Как культурное начинание этот альманах отражал новую тенденцию в политике «славянской взаимности». Ее основы как раз и были заложены Всеславянским съездом 1908 года в Праге. На нем были сформулированы новые принципы и цели международного славянского движения, которые получили название «неославизма». Следующий съезд в Софии в 1910 году закрепил за неославистами лидирующую роль в славянском движении[376]. На обоих съездах обсуждалась стратегия борьбы славянских меньшинств за культурную автономию, а в перспективе – за политическую независимость. Идеи панславизма были отброшены, а их место заняли прагматические вопросы политической солидарности, равноправного сотрудничества и взаимопомощи славянских народов, а также широкого культурного обмена. Именно с этим направлением связывал себя Янко Лаврин, ставший в 1913 году соредактором Городецкого по альманаху «Велес». Словенец, в 1907 году, в возрасте двадцати лет перебравшийся в Петербург, он в декабре 1908 года, на волне обновления славянского движения, начал издавать там на русском языке журнал «Славянский мир» (1908–1911), имевший подзаголовок «ежемесячный журнал литературы, искусства, критики и идейного общения». В первом номере этого журнала (декабрь 1908) Лаврин поместил свою статью «Русский язык и славяне», в которой постарался выразить идейную доминанту текущего момента в славянском движении: «Утопические мечты о соединении всех славян в один политический организм уже давно минули, но зато тем сильнее обозначается стремление к объединению культурному: всеславянское море, в котором должны слиться все славянские ручьи, имеет пока смысл лишь при таком значении»[377]. Единственным пунктом в позиции Лаврина, непосредственно связанным с наследием панславизма, был как раз пункт о «междуславянском дипломатическом языке»: Лаврин доказывал, что русский вполне подходит на эту роль и был бы в этой роли куда органичнее, чем немецкий, которым до сих пор пользовались в общении между собой представители разных славянских народов[378]. Любопытно, что два с небольшим года спустя он изменил свою точку зрения на противоположную. В статье «Славянская идея и мы», помещенной в первом номере журнала за 1911 год, Лаврин констатировал, что «ни один из славянских языков не играет и не может играть роли общего славянского языка без существенного ущерба для целых значительных групп славянства» и что использование славянской интеллигенцией немецкого для взаимного общения является закономерным[379].

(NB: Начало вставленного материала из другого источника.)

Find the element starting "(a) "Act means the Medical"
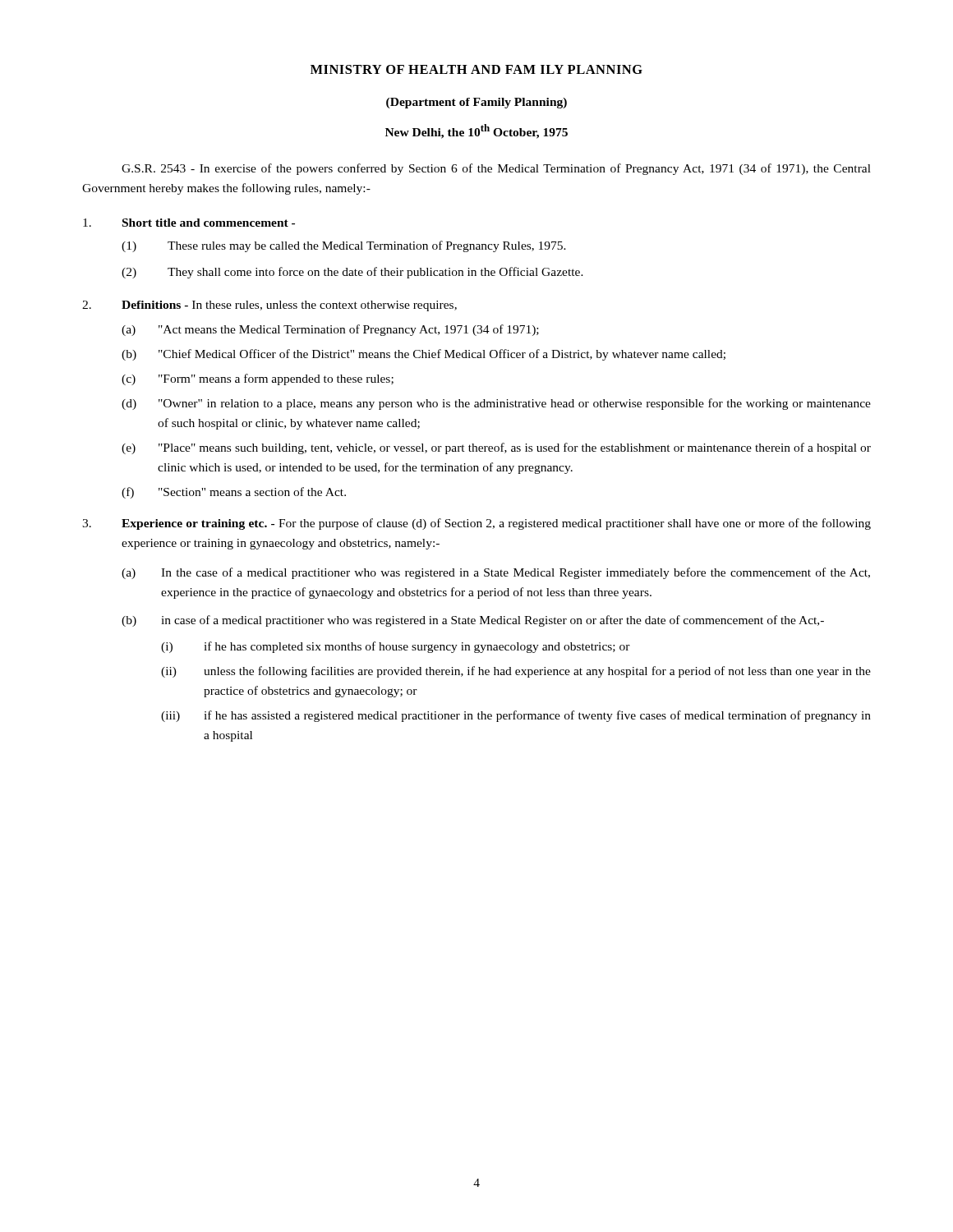(x=496, y=329)

Появление идеи «всеславянского» или «общеславянского» языка в лексиконе «нового искусства» происходило, таким образом, на фоне заката панславизма. Теряя свое значение в поле политическом, он неожиданно оказался востребованным в поле эстетики. Дестабилизация языковой нормы как один из аспектов модернистской программы нашла в идее «возрождения» всеславянского языка парадоксального союзника: словотворческие эксперименты могли быть интерпретированы не просто как эстетические новации, но как двигатель культурной трансформации, возвращающей язык в состояние утраченной цельности, трансвременной по своей сути. Эта задача делала функционально неразличимыми архаизмы и неологизмы, ибо и те и другие в равной мере соучаствовали в создании всеславянской языковой утопии. Творческие установки Ремизова и Городецкого – введение народного языка в литературу, с одной стороны, и квазифольклорная стилизация, с другой, – оказывались в равной мере значимыми, и Хлебников в 1908–1909 годах, очевидно, видел себя адептом обеих[380].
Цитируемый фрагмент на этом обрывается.